Черные доски | страница 70
– Мать Евлампия, в Петроково вам идти незачем. Церковь там закрыли, а иконы все изрубили топором. Мы только сейчас оттуда, так что спите себе спокойно.
Как всплеснула руками мать Евлампия. И всхлопнули бы ладошки, но из-за тряски ладошка на ладошку не пришлась, и хлопочка не получилось. Монашка повернулась старческим трясущимся личиком к образам и начала креститься, шепча про себя:
– Господи, прости ты их, неразумных, не ведают, что творят.
Бабка разрешила, и я неторопливо разглядел все иконы, развешанные по комнате. Правда, снимать иконы с гвоздиков было неудобно, и, таким образом, пришлось довольствоваться разглядыванием только лицевой стороны икон. Но те иконы, которые не были повешены, а просто стояли на монастырском окне, я брал в руки и разглядывал как хотел.
Одна из этих стоящих на окне икон была для меня. Это был архангел Михаил, изображенный в рост. Высота доски около метра, ширина сантиметров сорок. Доска сильно прогнута, черна как уголь, на ней грубые следы обработки скребком, кое-где дырочки от шашеля. Шпонки узкие, сквозные, близко к торцам. Да и зачем подробности, доска была шестнадцатого века, и сомневаться в этом было нельзя. Однако архангел на иконе написан в конце девятнадцатого столетия. Голубая масляная краска, неинтересная реалистическая живопись. Надо бы тут же и попросить икону у матери Евлампии, все равно она стоит у нее на окне, не в числе, так сказать, основных ее образов. Но я так был поражен самой комнатой, и самой старушкой, и нахождением ее в запущенном монастыре, и этой ее странной обязанностью: жечь негасимые огоньки перед образами, пока в самой в ней теплится в общем-то не сильнее лампадного огонек, – что язык не повернулся у меня попросить у нее архангела Михаила.
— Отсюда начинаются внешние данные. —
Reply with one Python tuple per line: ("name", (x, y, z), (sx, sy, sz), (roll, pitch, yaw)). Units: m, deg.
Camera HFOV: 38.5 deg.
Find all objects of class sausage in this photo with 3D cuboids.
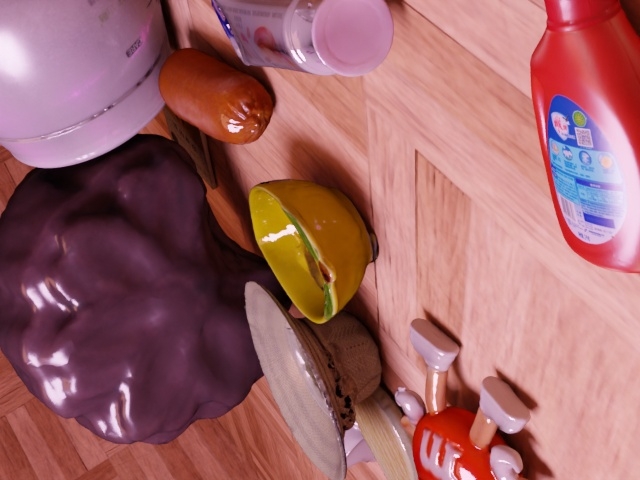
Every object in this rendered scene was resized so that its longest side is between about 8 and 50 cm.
("sausage", (-0.113, -0.153, 0.968), (0.197, 0.076, 0.076), (34, 150, 51))

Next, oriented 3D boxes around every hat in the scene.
("hat", (0.011, 0.141, 1.049), (0.252, 0.110, 0.252), (56, 160, 32))

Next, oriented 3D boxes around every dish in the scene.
("dish", (0.000, 0.000, 0.899), (0.207, 0.080, 0.149), (23, 137, 64))

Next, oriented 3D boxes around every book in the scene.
("book", (-0.187, -0.159, 1.262), (0.118, 0.012, 0.172), (48, 160, 29))

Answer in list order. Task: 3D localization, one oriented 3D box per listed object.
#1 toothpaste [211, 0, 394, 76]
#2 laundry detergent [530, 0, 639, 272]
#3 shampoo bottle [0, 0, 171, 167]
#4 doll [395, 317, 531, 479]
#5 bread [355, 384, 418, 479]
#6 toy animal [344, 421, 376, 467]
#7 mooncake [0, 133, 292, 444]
("toothpaste", (-0.037, -0.175, 0.746), (0.100, 0.066, 0.323), (61, 168, -24))
("laundry detergent", (0.138, -0.068, 0.463), (0.097, 0.049, 0.165), (35, 148, 60))
("shampoo bottle", (-0.314, -0.244, 1.038), (0.273, 0.273, 0.266), (41, 165, 45))
("doll", (0.131, 0.198, 0.863), (0.183, 0.085, 0.217), (38, 144, 46))
("bread", (0.084, 0.229, 1.125), (0.193, 0.036, 0.112), (60, 158, 9))
("toy animal", (0.012, 0.225, 1.263), (0.181, 0.131, 0.127), (36, 120, 36))
("mooncake", (-0.220, 0.067, 1.148), (0.381, 0.351, 0.212), (42, 164, -34))
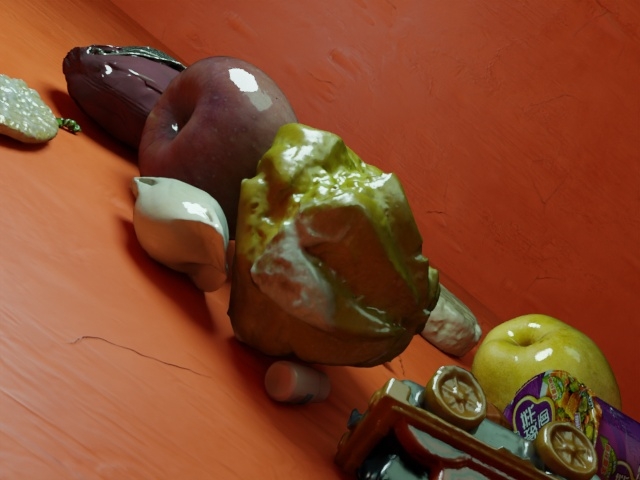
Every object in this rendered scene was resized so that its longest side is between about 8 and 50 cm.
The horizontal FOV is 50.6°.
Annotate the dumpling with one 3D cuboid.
[{"bbox_3d":[-0.198,-0.009,0.975,0.229,0.124,0.151,38,-30,37],"label":"dumpling"}]

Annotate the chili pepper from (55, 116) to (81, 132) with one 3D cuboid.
[{"bbox_3d":[-0.441,-0.200,1.158,0.027,0.022,0.083,8,2,18],"label":"chili pepper"}]

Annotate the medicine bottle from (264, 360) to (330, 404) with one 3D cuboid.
[{"bbox_3d":[-0.029,0.187,0.883,0.052,0.052,0.089,47,13,35],"label":"medicine bottle"}]

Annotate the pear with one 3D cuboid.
[{"bbox_3d":[0.448,0.308,1.365,0.314,0.314,0.314,38,11,-9],"label":"pear"}]

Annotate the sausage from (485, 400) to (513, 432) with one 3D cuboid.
[{"bbox_3d":[0.219,0.301,1.067,0.258,0.133,0.133,28,16,-47],"label":"sausage"}]

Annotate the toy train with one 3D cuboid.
[{"bbox_3d":[0.192,0.305,0.766,0.369,0.163,0.231,27,38,0],"label":"toy train"}]

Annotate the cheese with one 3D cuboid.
[{"bbox_3d":[0.304,0.182,1.894,0.326,0.115,0.318,45,11,32],"label":"cheese"}]

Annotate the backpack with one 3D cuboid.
[{"bbox_3d":[-0.348,-0.283,1.331,0.317,0.197,0.283,29,8,-40],"label":"backpack"}]

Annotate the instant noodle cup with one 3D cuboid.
[{"bbox_3d":[0.434,0.365,1.115,0.190,0.251,0.251,25,14,-14],"label":"instant noodle cup"}]

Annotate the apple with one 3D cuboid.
[{"bbox_3d":[-0.162,-0.153,1.152,0.235,0.305,0.305,27,16,-41],"label":"apple"}]

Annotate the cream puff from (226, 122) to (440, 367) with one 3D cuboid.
[{"bbox_3d":[0.036,0.029,0.979,0.276,0.377,0.378,4,3,13],"label":"cream puff"}]

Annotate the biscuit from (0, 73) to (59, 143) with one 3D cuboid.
[{"bbox_3d":[-0.481,-0.210,1.008,0.188,0.040,0.265,37,10,-18],"label":"biscuit"}]
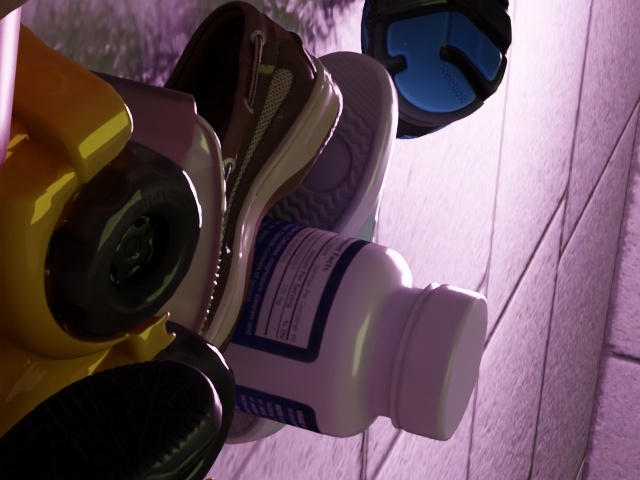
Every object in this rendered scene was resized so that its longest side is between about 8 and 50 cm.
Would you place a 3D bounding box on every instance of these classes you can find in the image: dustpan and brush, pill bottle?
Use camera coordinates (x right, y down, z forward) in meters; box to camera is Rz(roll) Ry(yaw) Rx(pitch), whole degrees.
[{"bbox_3d":[-0.089,0.036,0.716,0.060,0.147,0.211,12,94,-34],"label":"dustpan and brush"},{"bbox_3d":[-0.007,0.049,0.901,0.112,0.187,0.112,14,90,-73],"label":"pill bottle"}]

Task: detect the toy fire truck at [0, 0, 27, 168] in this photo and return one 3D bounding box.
[{"bbox_3d":[-0.120,-0.059,0.367,0.217,0.246,0.158,-32,134,-66],"label":"toy fire truck"}]

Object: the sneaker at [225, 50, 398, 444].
[{"bbox_3d":[-0.001,0.000,1.036,0.151,0.094,0.255,-8,121,-65],"label":"sneaker"}]

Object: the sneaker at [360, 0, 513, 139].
[{"bbox_3d":[0.086,-0.236,1.151,0.139,0.125,0.340,142,-35,-74],"label":"sneaker"}]

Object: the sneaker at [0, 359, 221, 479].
[{"bbox_3d":[-0.097,0.114,0.531,0.170,0.051,0.089,-35,138,-12],"label":"sneaker"}]

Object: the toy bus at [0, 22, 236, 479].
[{"bbox_3d":[-0.154,0.053,0.566,0.211,0.149,0.220,-42,145,-33],"label":"toy bus"}]

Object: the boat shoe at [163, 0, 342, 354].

Два года спустя владимирский писатель Сергей Васильевич Ларин уговорил меня поехать к его первой школьной учительнице. Ему надо было повидаться с ней, поговорить, повспоминать, потому что он собирался писать книгу о своем детстве. Мы поехали.
Дорога у нас была веселая. То мы останавливались в селе, в котором Сергей Васильевич родился, и заходили к его родственникам, и, конечно, отмечали приезд писателя в родные места. То сидели на берегу реки, на траве, где Сергей Васильевич некогда ловил пескарей. И тоже нельзя было уехать с такого знаменитого места, не отметив. Выяснилось наконец, что учительница Сергея Васильевича переехала теперь в другое место, неподалеку, правда, и мы мчались дальше к намеченной цели.